Maddi olayda, Devlet Hastahanesinde sayman mutemedi olan sanık 29.6.1990 ila 25.5.1991 tarihleri arasında, hastalardan makbuz karşılığı tahsil ettiği parayı zimmetine geçirmiştir. Sanık, aynı suç işleme kararı altında muhtelif günlerde tahsil ettiği paraları mal edinmiş ve fiilini zincirleme biçimde sürdürmüştür. Sanığın eylemi müteselsil zimmet suçunu teşkil etmektedir. Fiillerin devamı sırasında 29.11.1990 tarihinde yürürlüğe giren 3679 Sayılı Yasa ile, sanık hakkında uygulanan TCY.nın 202. maddesi değişikliğe uğramıştır.

Kural olarak her netice bağımsız bir suç oluşturmaktadır. Yasa koyucu bu kuralın istisnası olarak müteselsil suçu ( zincirleme suç ) kabul etmiş, bir suç işlemek kararının icrası cümlesinden olarak, kanunun aynı hükmünün muhtelif zamanlarda birkaç defa ihlal edilmesini, bir suç saymıştır. Birleşen ve tek suç sayılan muhtelif neticeler başlı başına suç teşkil etmekte fakat TCY.nın 80. maddesi gereğince bir suç sayılma nedeniyle fail, bir kez cezalandırılmakta ve cezası arttırılmaktadır.

Bu nedenle müteselsil suçlarda suç tarihi teselsülün sona erdiği tarihtir. Diğer bir anlatımla müteselsil suçlarda suç, teselsülün sona erdiği tarihte tamamlanmakta olup, bu tarihte yürürlükte bulunan Yasa hükümlerinin uygulanması gerekmektedir. Müteselsil suçun işlenmeye başladığı tarihte yürürlükte bulunan yasanın uygulanması gerektiği ileri sürülemeyeceğinden TCY.nın 2. maddesinin uygulanmasına da yer ve olanak bulunmamaktadır.

Öte yandan TCY.nın 103. maddesi gereğince müteselsil suçlarda zamanaşımı, teselsülün sona erdiği tarihten başlayacaktır. CMUY.nın 8. maddesi uyarınca da, yer itibariyle yetkili mahkeme, yine teselsülün bittiği yer mahkemesidir. Zaman bakımından uygulanacak yasa da, teselsülün bittiği tarihte yürürlükte olan yasadır.
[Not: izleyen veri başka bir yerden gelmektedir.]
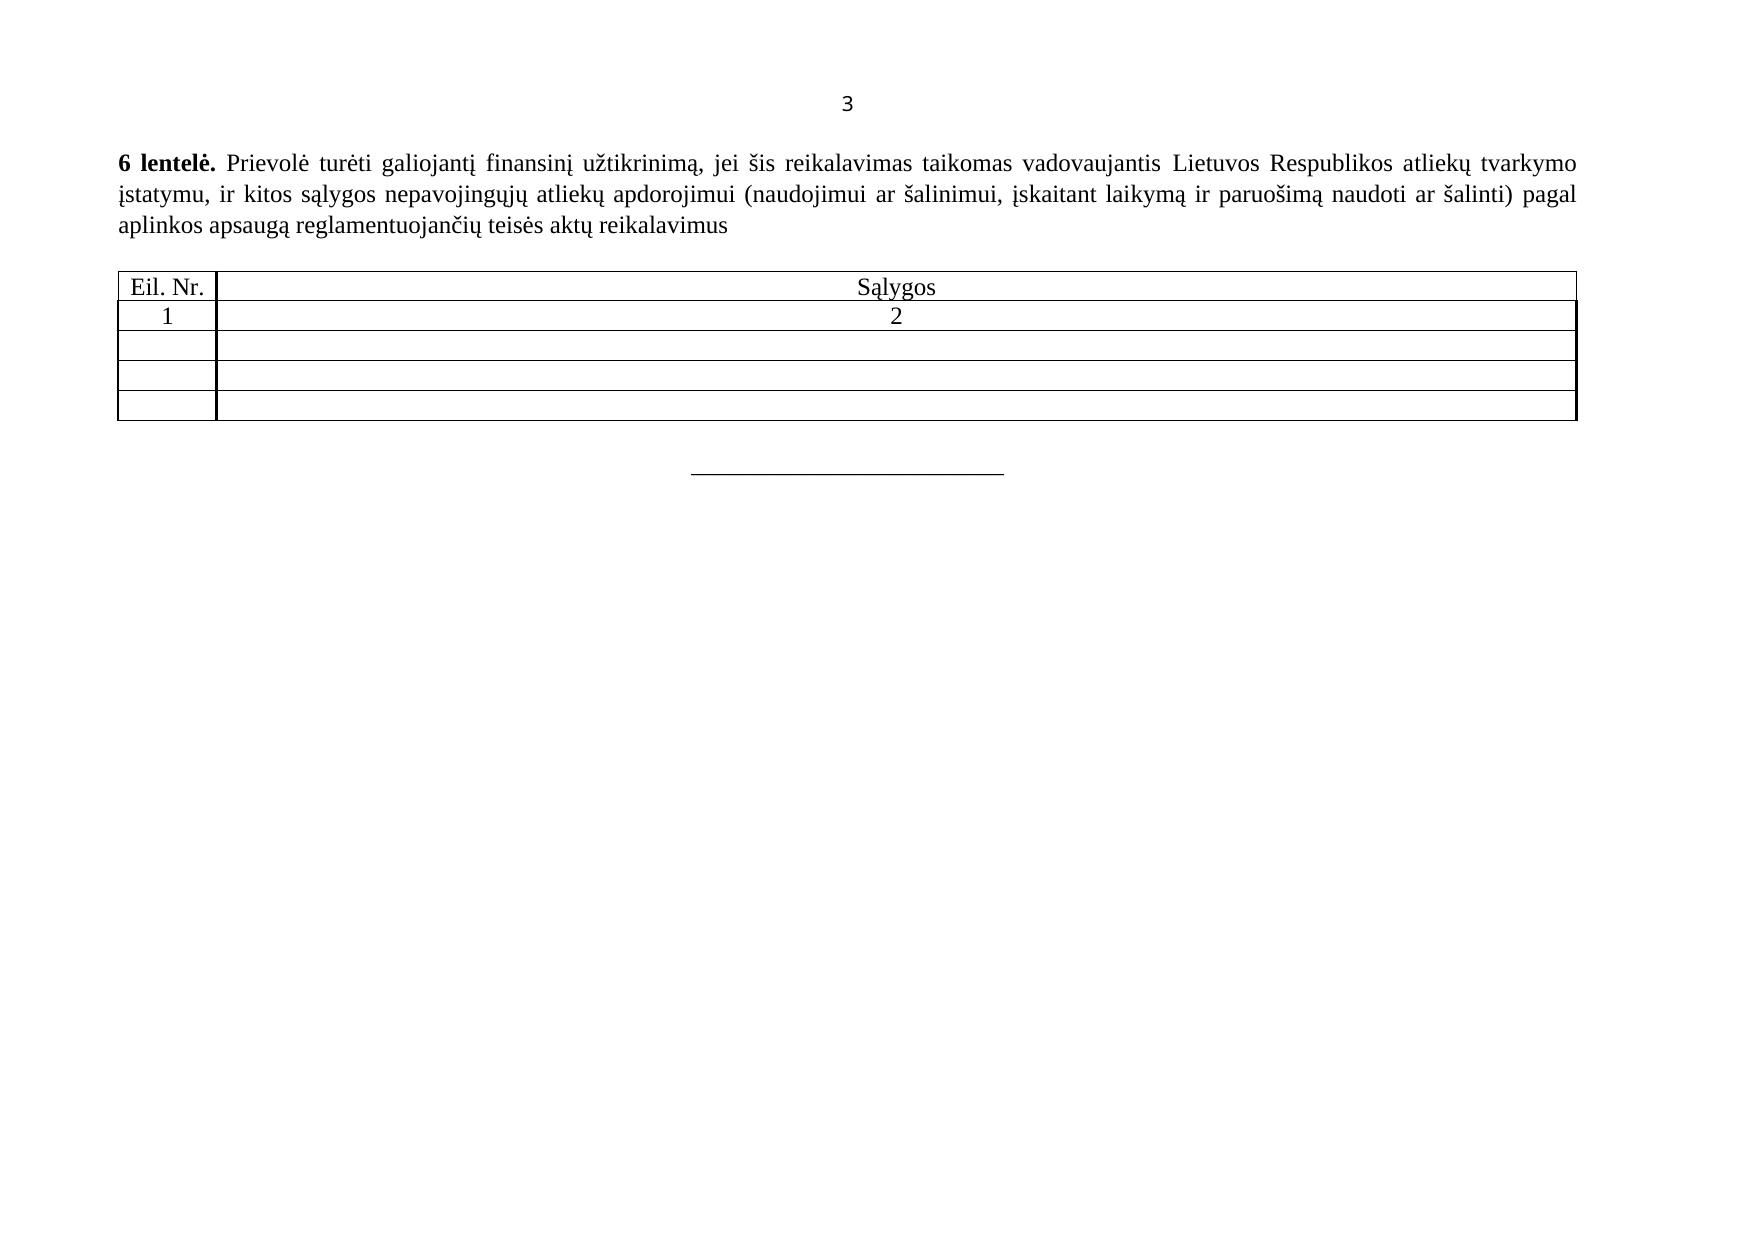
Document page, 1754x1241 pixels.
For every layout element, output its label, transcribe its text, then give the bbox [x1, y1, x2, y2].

table_cell 2 [218, 301, 1575, 330]
table_cell 1 [119, 301, 215, 330]
table_cell [218, 391, 1575, 419]
table_cell [119, 361, 215, 390]
text _________________________ [118, 449, 1577, 478]
text 6 lentelė. Prievolė turėti galiojantį finansinį užtikrinimą, jei šis reikalavimas taikomas vadovaujantis Lietuvos Respublikos atliekų tvarkymo įstatymu, ir kitos sąlygos nepavojingųjų atliekų apdorojimui (naudojimui ar šalinimui, įskaitant laikymą ir paruošimą naudoti ar šalinti) pagal aplinkos apsaugą reglamentuojančių teisės aktų reikalavimus [118, 146, 1577, 239]
table_cell [218, 361, 1575, 390]
table_cell [218, 331, 1575, 360]
table_cell [119, 391, 215, 419]
table_header Sąlygos [218, 272, 1576, 300]
table_cell [119, 331, 215, 360]
table_header Eil. Nr. [119, 272, 215, 300]

Bu itibarla, sanık hakkında teselsülün sona erdiği 25.5.1991 tarihinde yürürlükte bulunan Ceza Yasasının 3679 Sayılı Yasa ile değişik 202 maddesi ile uygulama yapılması gerektiğinden, Yerel mahkeme direnme hükmünün bozulmasına karar verilmelidir.

SONUÇ : Açıklanan nedenlerle, Yerel Mahkeme direnme hükmünün BOZULMASINA, tebliğnamedeki düşünce gibi 20.2.1995 günü oybirliğiyle karar verildi.